2020-07-07T14:00 1 0.25 22.2 1.5
Here is my data https://www.dropbox.com/s/39yre6y85luu3tj/example.csv?dl=0
I divide the data set into two selected regions like from 2020-07-07 09:10 to 10:00 as the one selected region, and
2020-07-07 11:10 to 13:00 as the other selected region.
For example:
df['epoch'] = pd.to_datetime(df.epoch, format='%Y-%m-%d %H:%M:%S.%f')
df['time'] = df['epoch'].dt.strftime('%H:%M:%S.%f')
first_datetime = '2020-07-07 09:10'
second_datetime = '2020-07-07 10:00'
third_datetime = '2020-07-07 11:10'
fourth_datetime = '2020-07-07 13:00'
first = datetime.strptime(first_datetime , "%Y-%m-%d %H:%M").strftime('%H:%M')
second = datetime.strptime(second_datetime , "%Y-%m-%d %H:%M").strftime('%H:%M')

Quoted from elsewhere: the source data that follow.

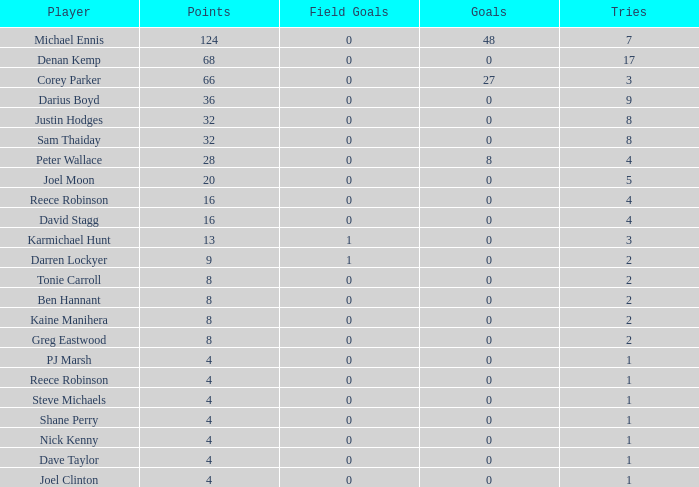How many goals did the player with less than 4 points have? 0.0. 
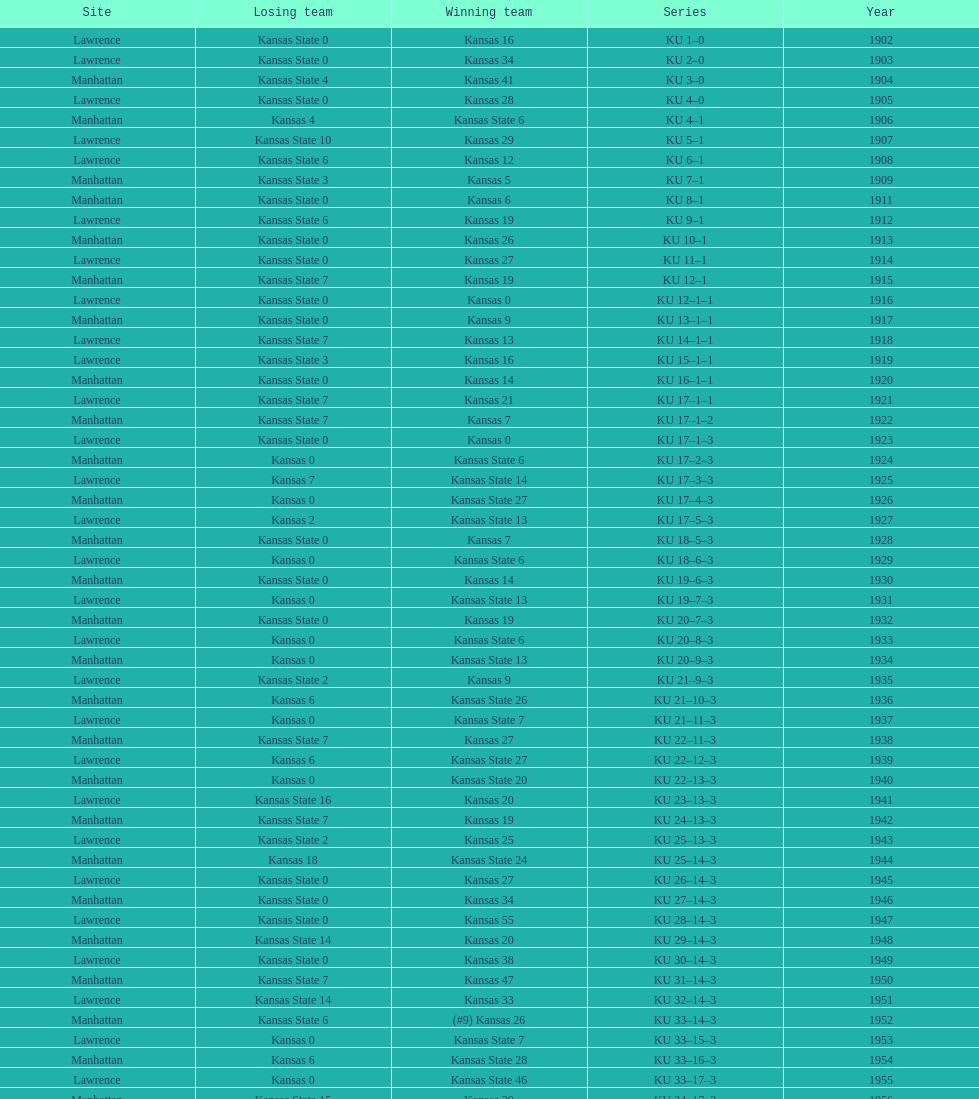What is the total number of games played? 66. 
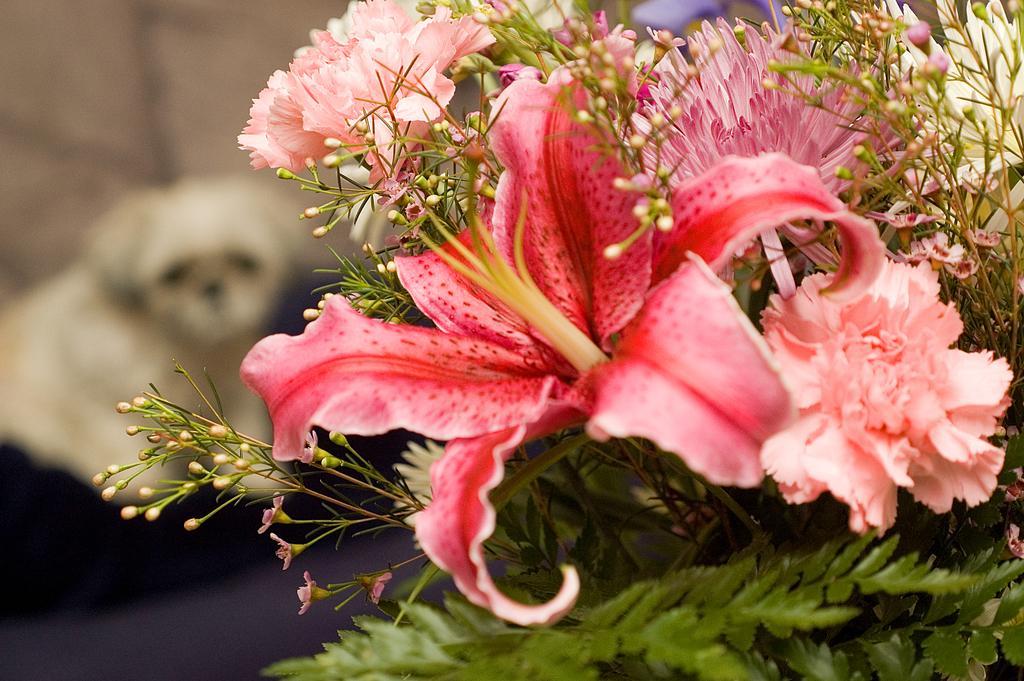In one or two sentences, can you explain what this image depicts? In this image we can see pink color flowers and leaves. It seems like a dog on the left side of the image. 
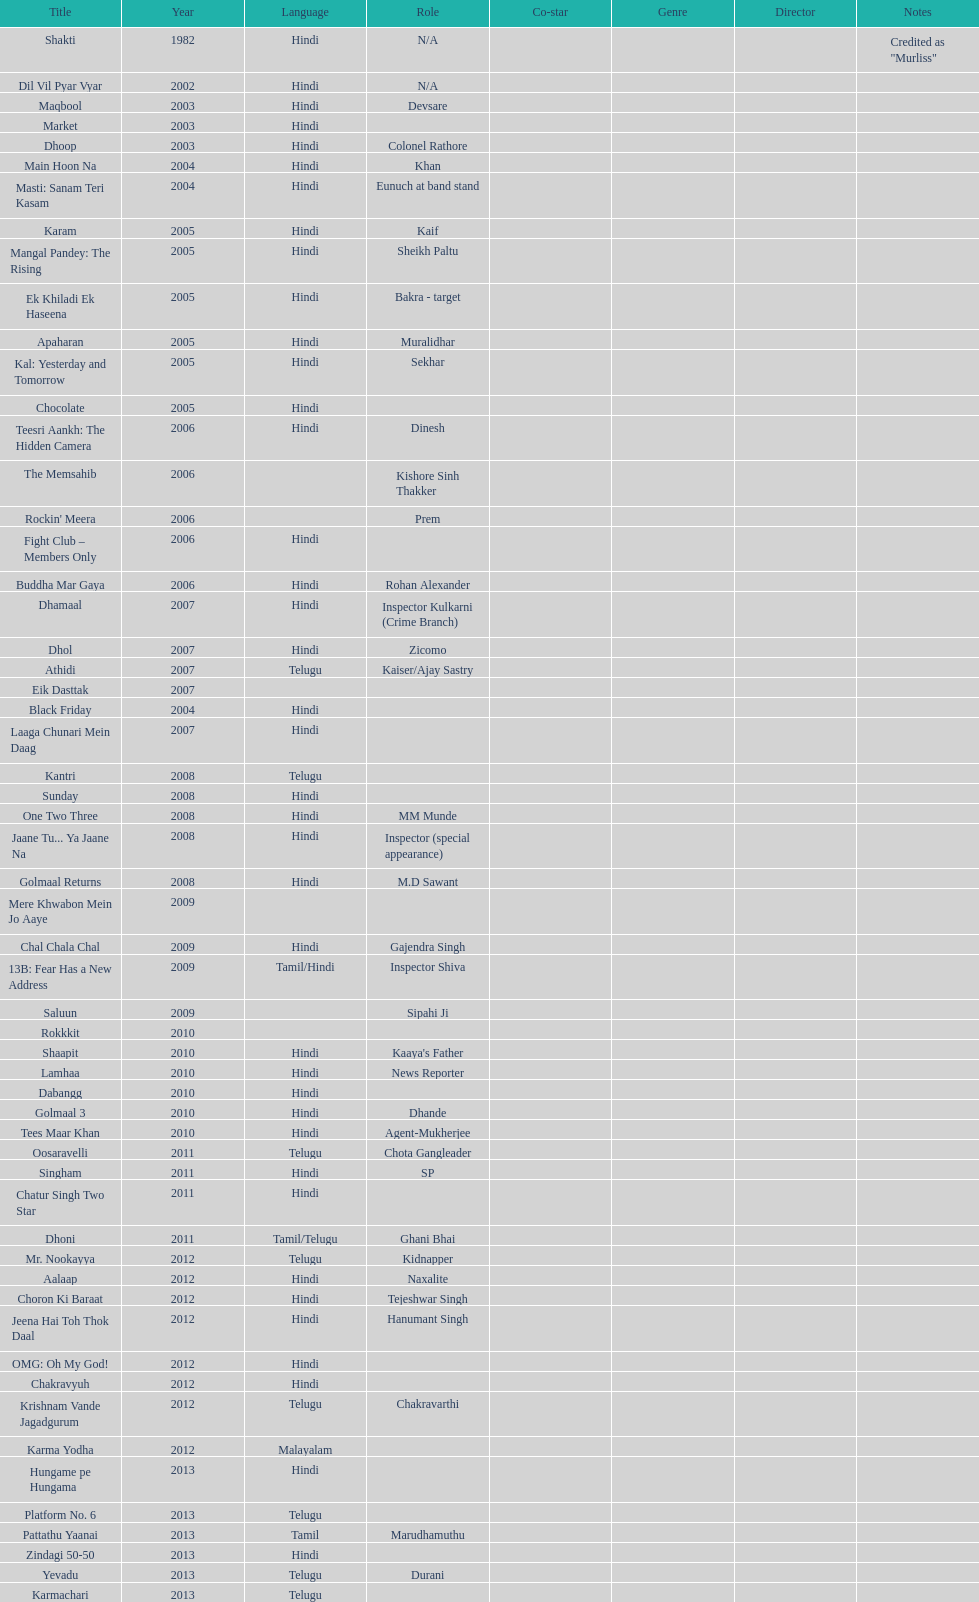What movie did this actor star in after they starred in dil vil pyar vyar in 2002? Maqbool.

third = datetime.strptime(third_datetime , "%Y-%m-%d %H:%M").strftime('%H:%M')
fourth = datetime.strptime(fourth_datetime , "%Y-%m-%d %H:%M").strftime('%H:%M')
And then I do two different procedures with the divided regions and df_1 indicates the first selected region and df_2 indicates the second selected region:
First method is just some matrix stuff
df_1 = df.loc[(df["time"] >= first) & (df["time"] <= second)]
df_2 = df.loc[(df["time"] >= third) & (df["time"] <= fourth)]
df_add = df_1.append(df_2, ignore_index = True)
rx, ry, rz = (df_add['r1'], df_add['r2'], df_add['r3'])
data = np.array([rx,ry,rz])
covMatrix = np.cov(data,bias=True)
eigval_mva, eigvec_mva = np.linalg.eig(covMatrix)
eigval_mva = eigval_mva.real
mincol = list(eigval_mva).index(min(eigval_mva))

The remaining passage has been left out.